Problem to solve: Should any entry hold a picture, omit that picture and copy the rest of the entry exactly.

Source data:
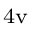<formula> <loc_0><loc_0><loc_500><loc_500>_ { 4 } v</formula> 
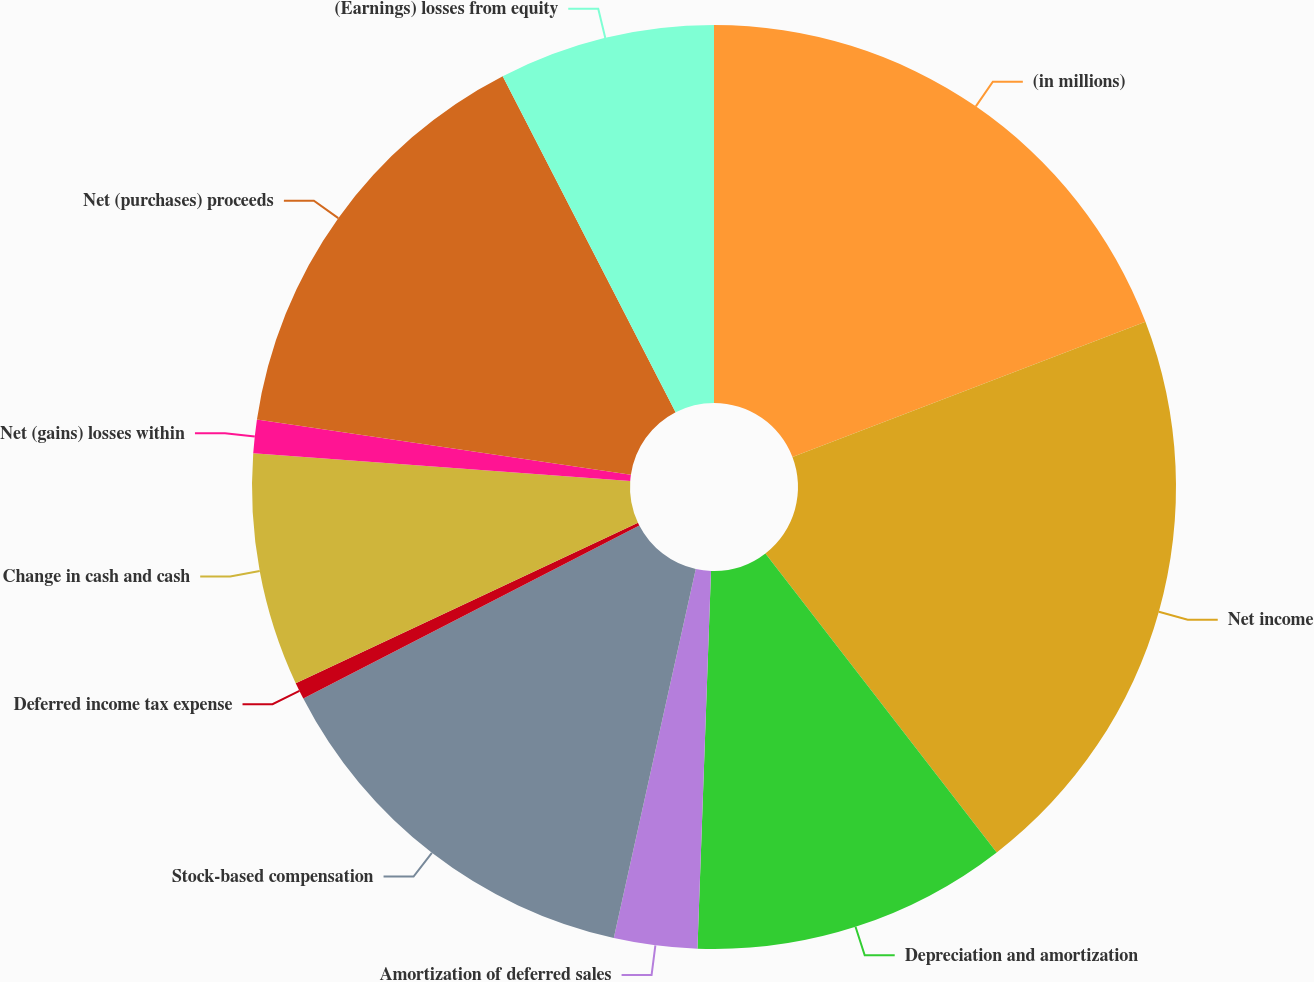Convert chart. <chart><loc_0><loc_0><loc_500><loc_500><pie_chart><fcel>(in millions)<fcel>Net income<fcel>Depreciation and amortization<fcel>Amortization of deferred sales<fcel>Stock-based compensation<fcel>Deferred income tax expense<fcel>Change in cash and cash<fcel>Net (gains) losses within<fcel>Net (purchases) proceeds<fcel>(Earnings) losses from equity<nl><fcel>19.18%<fcel>20.34%<fcel>11.05%<fcel>2.91%<fcel>13.95%<fcel>0.59%<fcel>8.14%<fcel>1.17%<fcel>15.11%<fcel>7.56%<nl></chart> 
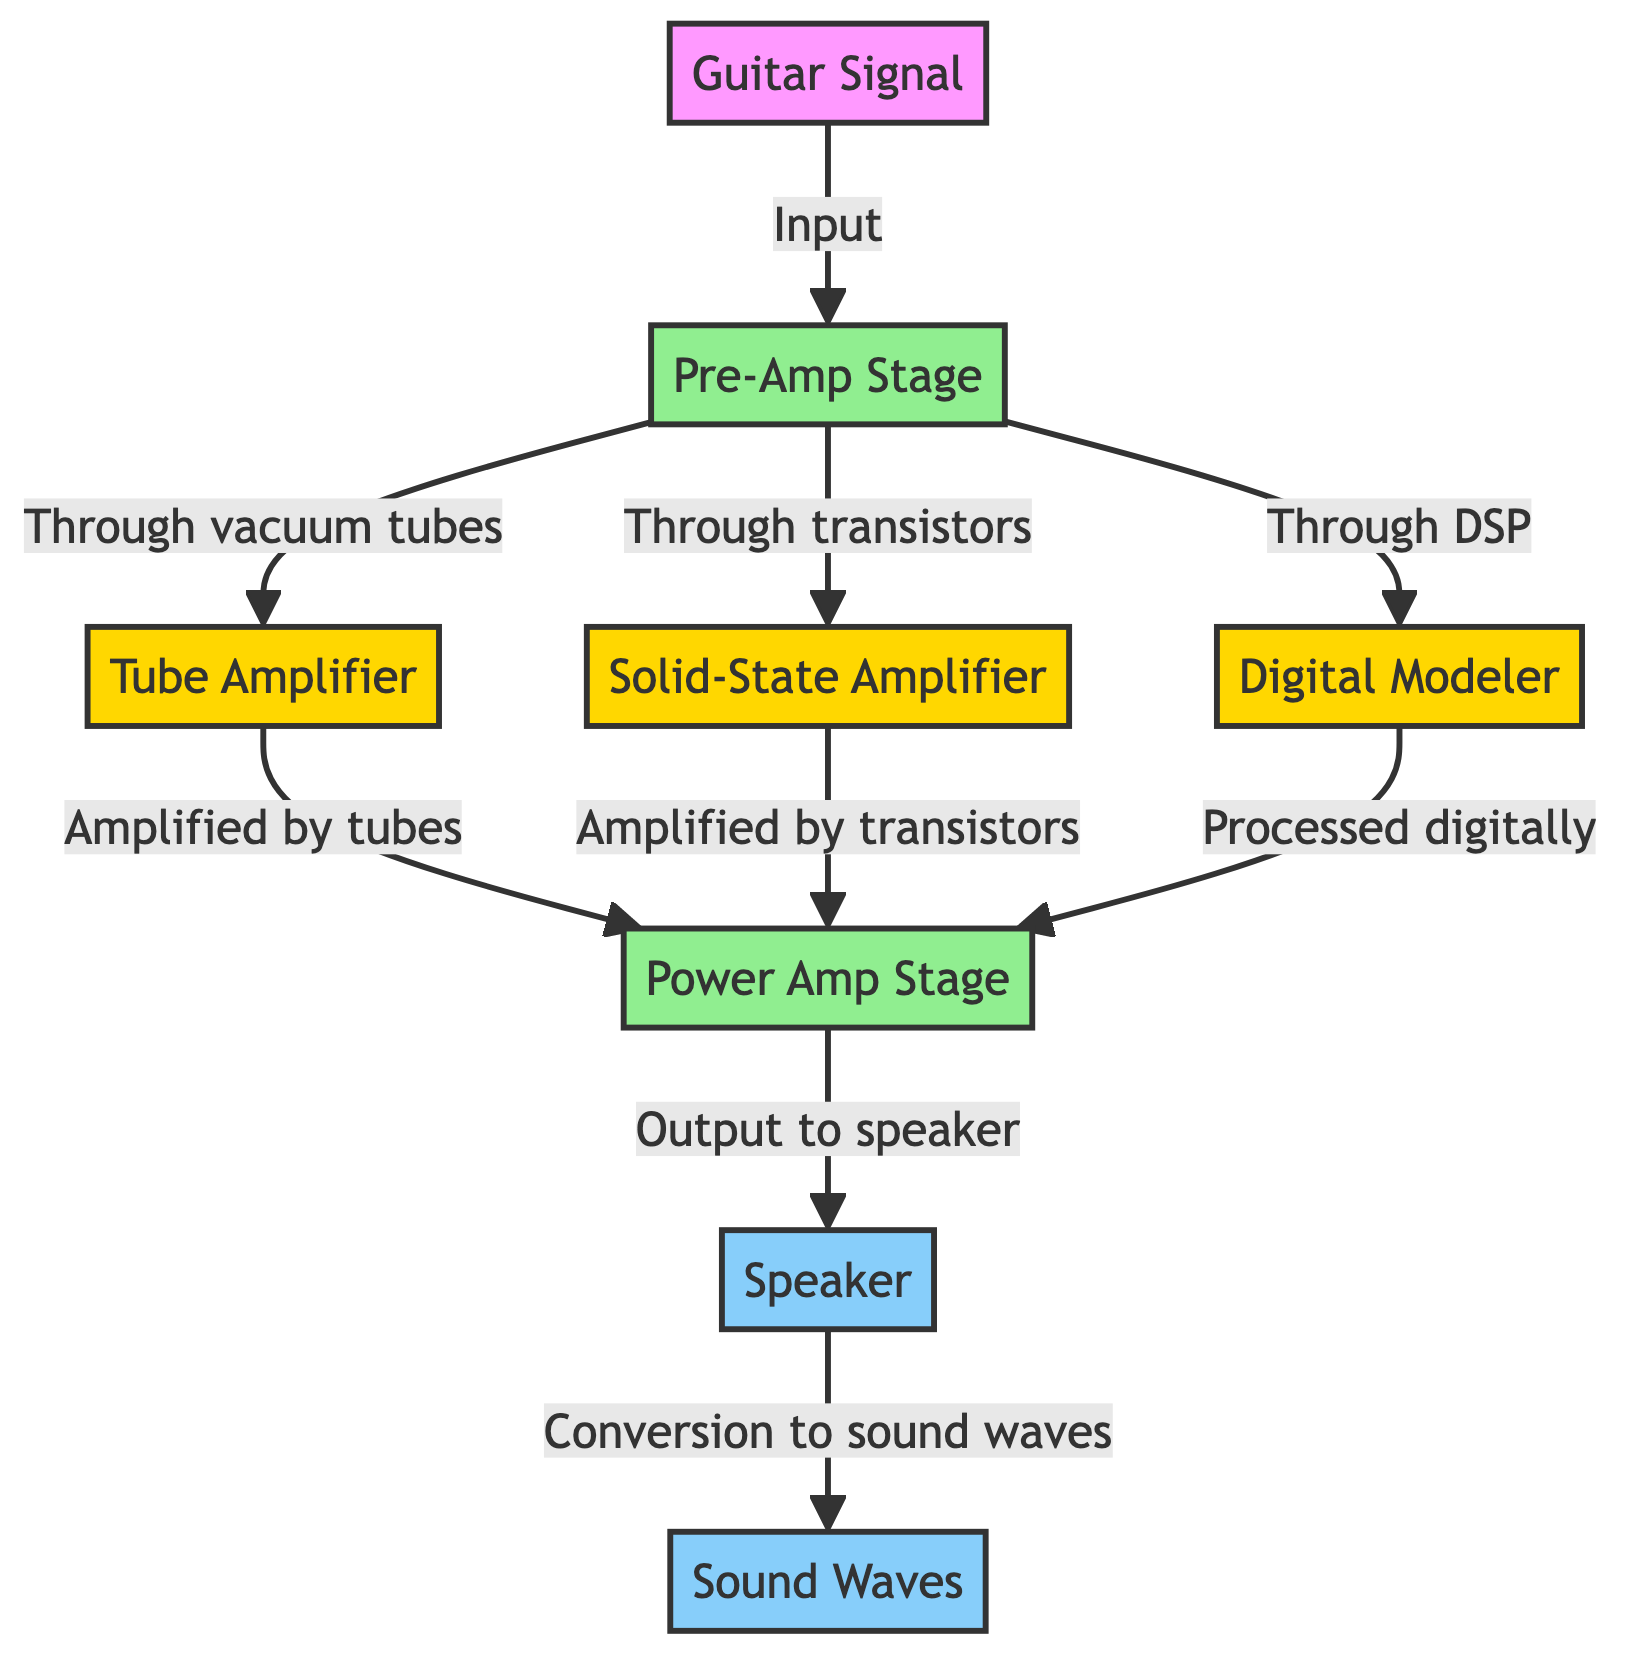What is the first stage after the guitar signal? The diagram shows the flow starting from the guitar signal leading directly to the pre-amp stage. Therefore, the first stage after the guitar signal is defined as the pre-amp stage.
Answer: pre-amp stage How many amplifier types are shown in the diagram? The diagram displays three different amplifier types: tube amplifier, solid-state amplifier, and digital modeler. By counting these, we find there are three types of amplifiers.
Answer: 3 What process does the tube amplifier use for amplification? In the diagram, the tube amplifier is indicated to amplify through vacuum tubes. This specific wording allows us to identify the method used in that particular amplification type.
Answer: vacuum tubes What connects the pre-amp stage to the power amp stage in all amplifier types? The diagram illustrates that all amplifier types (tube, solid-state, digital) flow from the pre-amp stage to the power amp stage, showing a direct output to the power amp stage from each amplifier type.
Answer: Output to power amp stage Which component converts the audio signal into sound waves? The last part of the flow in the diagram shows that the speaker converts the processed audio signal into sound waves. Thus, the speaker is identified as the component responsible for this conversion.
Answer: speaker Which amplifier processes audio digitally? According to the diagram, the digital modeler is the amplifier that processes the audio signal digitally, as indicated by the direct association in the flow from pre-amp stage to digital modeler.
Answer: digital modeler What type of signals do sound waves represent in this diagram? The diagram identifies sound waves as the output resulting from the speaker, which signifies that sound waves represent the auditory signals converted from electrical signals produced by amplifiers.
Answer: auditory signals What is the flow direction of the guitar signal in the diagram? The diagram illustrates that the flow direction of the guitar signal moves sequentially from the guitar signal to the pre-amp stage and then through the various amplifiers, leading to the final output to the speaker, indicating a left to right flow sequence.
Answer: left to right

Solved exercise:
<formula> <loc_0><loc_0><loc_500><loc_500>_ { 4 } v</formula> 
Convert chart. <chart><loc_0><loc_0><loc_500><loc_500><pie_chart><fcel>(in millions)<fcel>Net income<fcel>Depreciation and amortization<fcel>Amortization of deferred sales<fcel>Stock-based compensation<fcel>Deferred income tax expense<fcel>Change in cash and cash<fcel>Net (gains) losses within<fcel>Net (purchases) proceeds<fcel>(Earnings) losses from equity<nl><fcel>19.18%<fcel>20.34%<fcel>11.05%<fcel>2.91%<fcel>13.95%<fcel>0.59%<fcel>8.14%<fcel>1.17%<fcel>15.11%<fcel>7.56%<nl></chart> 
What is the first stage after the guitar signal? The diagram shows the flow starting from the guitar signal leading directly to the pre-amp stage. Therefore, the first stage after the guitar signal is defined as the pre-amp stage.
Answer: pre-amp stage How many amplifier types are shown in the diagram? The diagram displays three different amplifier types: tube amplifier, solid-state amplifier, and digital modeler. By counting these, we find there are three types of amplifiers.
Answer: 3 What process does the tube amplifier use for amplification? In the diagram, the tube amplifier is indicated to amplify through vacuum tubes. This specific wording allows us to identify the method used in that particular amplification type.
Answer: vacuum tubes What connects the pre-amp stage to the power amp stage in all amplifier types? The diagram illustrates that all amplifier types (tube, solid-state, digital) flow from the pre-amp stage to the power amp stage, showing a direct output to the power amp stage from each amplifier type.
Answer: Output to power amp stage Which component converts the audio signal into sound waves? The last part of the flow in the diagram shows that the speaker converts the processed audio signal into sound waves. Thus, the speaker is identified as the component responsible for this conversion.
Answer: speaker Which amplifier processes audio digitally? According to the diagram, the digital modeler is the amplifier that processes the audio signal digitally, as indicated by the direct association in the flow from pre-amp stage to digital modeler.
Answer: digital modeler What type of signals do sound waves represent in this diagram? The diagram identifies sound waves as the output resulting from the speaker, which signifies that sound waves represent the auditory signals converted from electrical signals produced by amplifiers.
Answer: auditory signals What is the flow direction of the guitar signal in the diagram? The diagram illustrates that the flow direction of the guitar signal moves sequentially from the guitar signal to the pre-amp stage and then through the various amplifiers, leading to the final output to the speaker, indicating a left to right flow sequence.
Answer: left to right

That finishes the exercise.